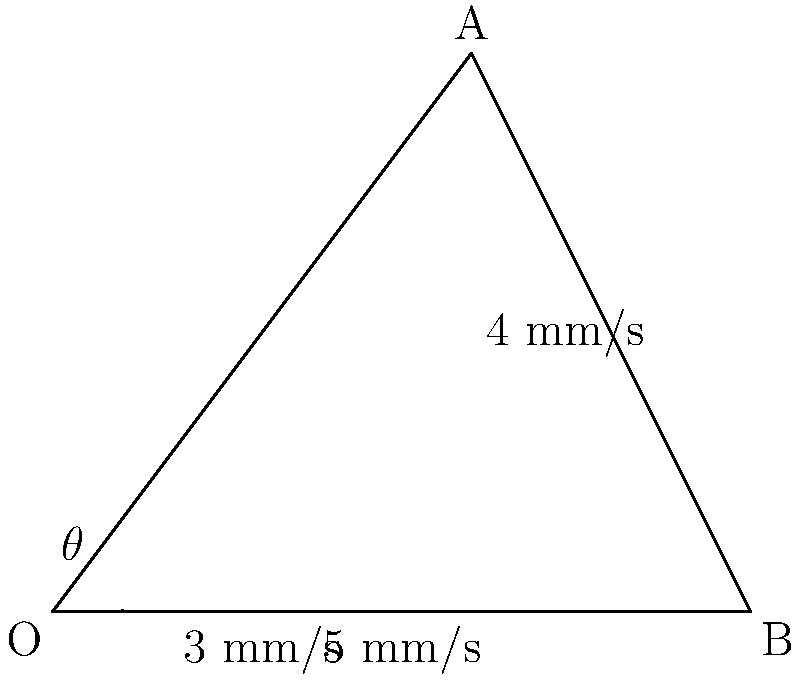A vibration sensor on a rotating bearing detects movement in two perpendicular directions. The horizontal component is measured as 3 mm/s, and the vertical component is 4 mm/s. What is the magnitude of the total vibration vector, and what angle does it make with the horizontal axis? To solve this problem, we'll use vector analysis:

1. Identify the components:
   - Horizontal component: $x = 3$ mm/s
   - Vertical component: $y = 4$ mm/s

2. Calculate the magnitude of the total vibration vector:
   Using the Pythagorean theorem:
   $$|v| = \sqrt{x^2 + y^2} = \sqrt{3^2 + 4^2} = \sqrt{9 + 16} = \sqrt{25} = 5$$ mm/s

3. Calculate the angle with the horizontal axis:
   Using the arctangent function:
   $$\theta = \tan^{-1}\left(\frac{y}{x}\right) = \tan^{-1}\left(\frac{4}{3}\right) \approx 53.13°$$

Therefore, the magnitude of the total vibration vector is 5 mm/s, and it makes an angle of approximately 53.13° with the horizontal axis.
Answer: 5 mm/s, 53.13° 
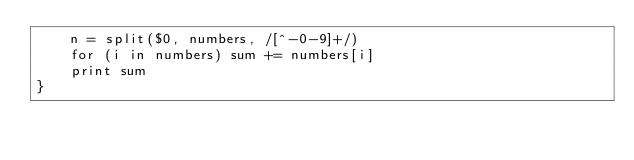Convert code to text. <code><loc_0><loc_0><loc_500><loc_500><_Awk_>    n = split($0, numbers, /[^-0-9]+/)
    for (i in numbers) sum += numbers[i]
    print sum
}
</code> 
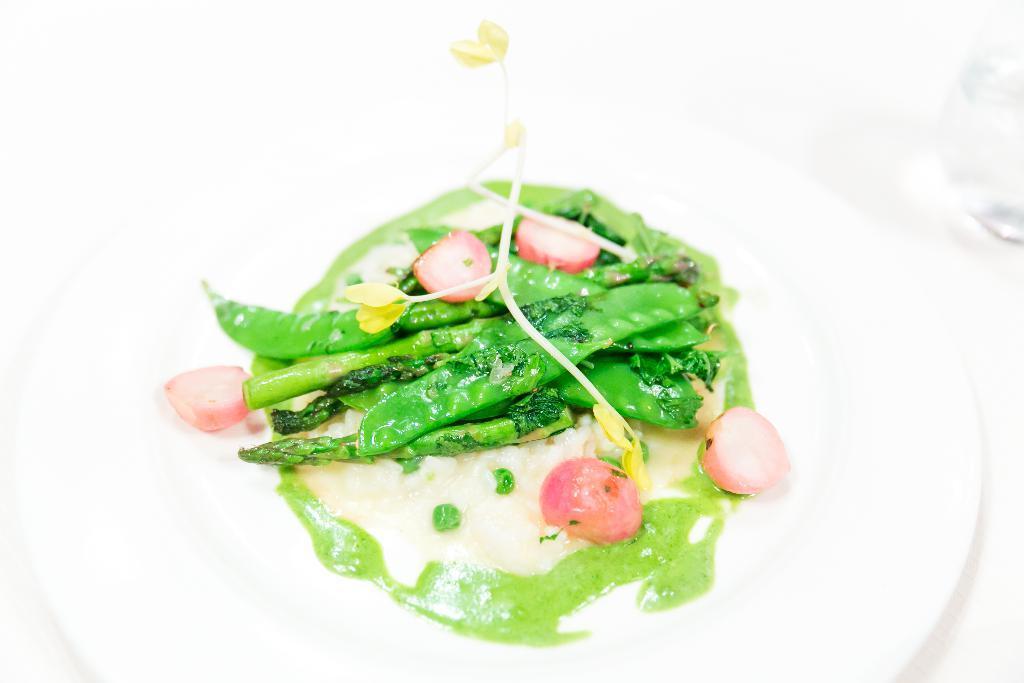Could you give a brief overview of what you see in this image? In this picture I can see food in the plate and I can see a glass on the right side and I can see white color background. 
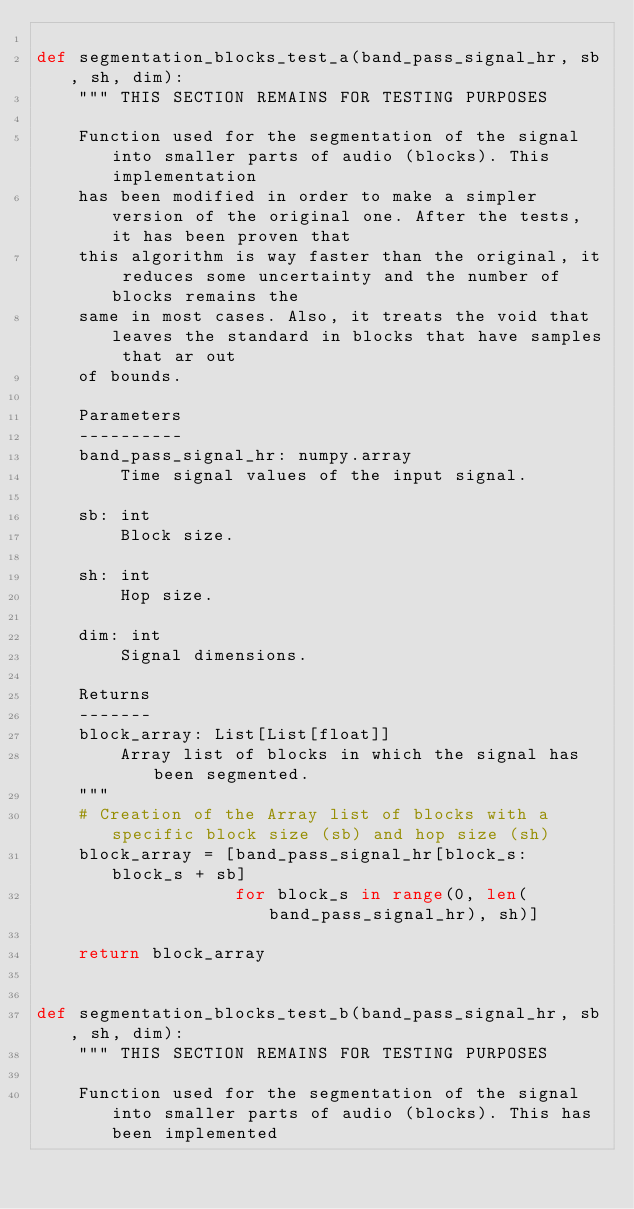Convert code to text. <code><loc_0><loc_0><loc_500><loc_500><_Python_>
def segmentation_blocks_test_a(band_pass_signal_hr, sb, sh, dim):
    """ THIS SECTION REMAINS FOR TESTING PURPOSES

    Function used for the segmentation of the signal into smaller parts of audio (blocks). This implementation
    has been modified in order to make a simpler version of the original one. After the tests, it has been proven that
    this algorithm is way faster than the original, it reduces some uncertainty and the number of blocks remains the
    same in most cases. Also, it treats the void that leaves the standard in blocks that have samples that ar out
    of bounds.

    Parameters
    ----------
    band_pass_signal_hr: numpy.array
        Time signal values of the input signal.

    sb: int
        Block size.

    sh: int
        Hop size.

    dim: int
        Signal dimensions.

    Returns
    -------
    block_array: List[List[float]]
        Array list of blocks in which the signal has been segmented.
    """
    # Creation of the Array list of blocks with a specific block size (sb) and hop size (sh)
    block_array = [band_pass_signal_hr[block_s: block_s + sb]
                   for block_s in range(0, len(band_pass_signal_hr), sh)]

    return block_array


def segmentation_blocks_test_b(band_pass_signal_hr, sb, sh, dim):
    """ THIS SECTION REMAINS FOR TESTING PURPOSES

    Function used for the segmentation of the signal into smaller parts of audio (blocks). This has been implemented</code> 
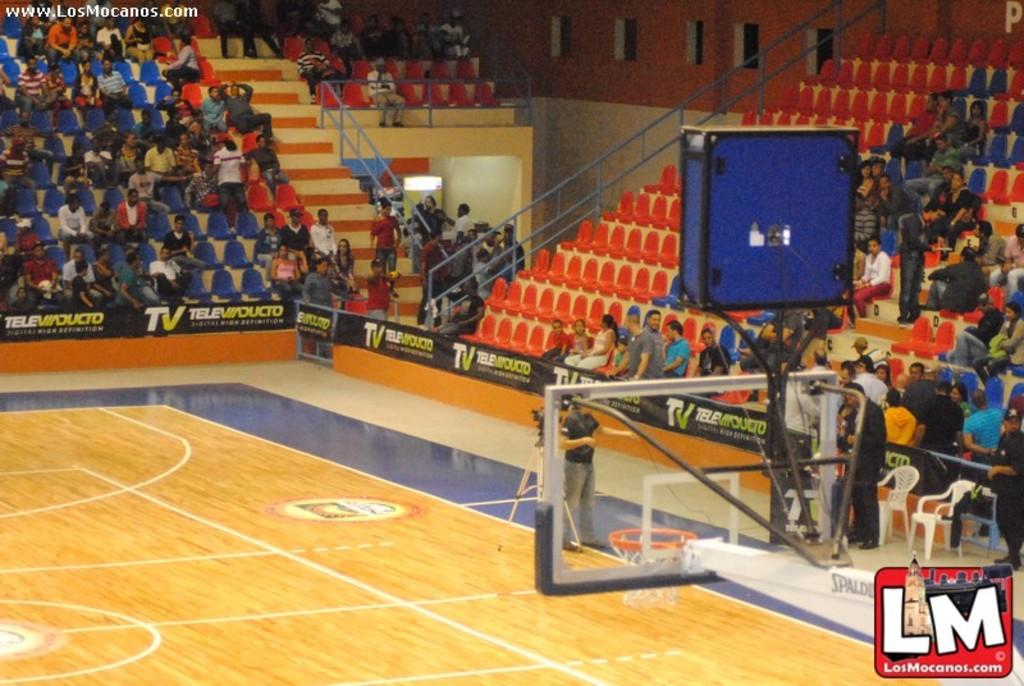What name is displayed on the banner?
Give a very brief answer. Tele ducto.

- - -

* [What is being asked]
Please copy exactly, and only, the lines from the one that contains "Signal dimensions." through the last line of the data above, omitting all pictures.

* [Response to this exercise]
        Signal dimensions.

    Returns
    -------
    block_array: List[List[float]]
        Array list of blocks in which the signal has been segmented.
    """
    # Creation of the Array list of blocks with a specific block size (sb) and hop size (sh)
    block_array = [band_pass_signal_hr[block_s: block_s + sb]
                   for block_s in range(0, len(band_pass_signal_hr), sh)]

    return block_array


def segmentation_blocks_test_b(band_pass_signal_hr, sb, sh, dim):
    """ THIS SECTION REMAINS FOR TESTING PURPOSES

    Function used for the segmentation of the signal into smaller parts of audio (blocks). This has been implemented</code> 
What name is displayed on the banner?
Give a very brief answer. Tele ducto.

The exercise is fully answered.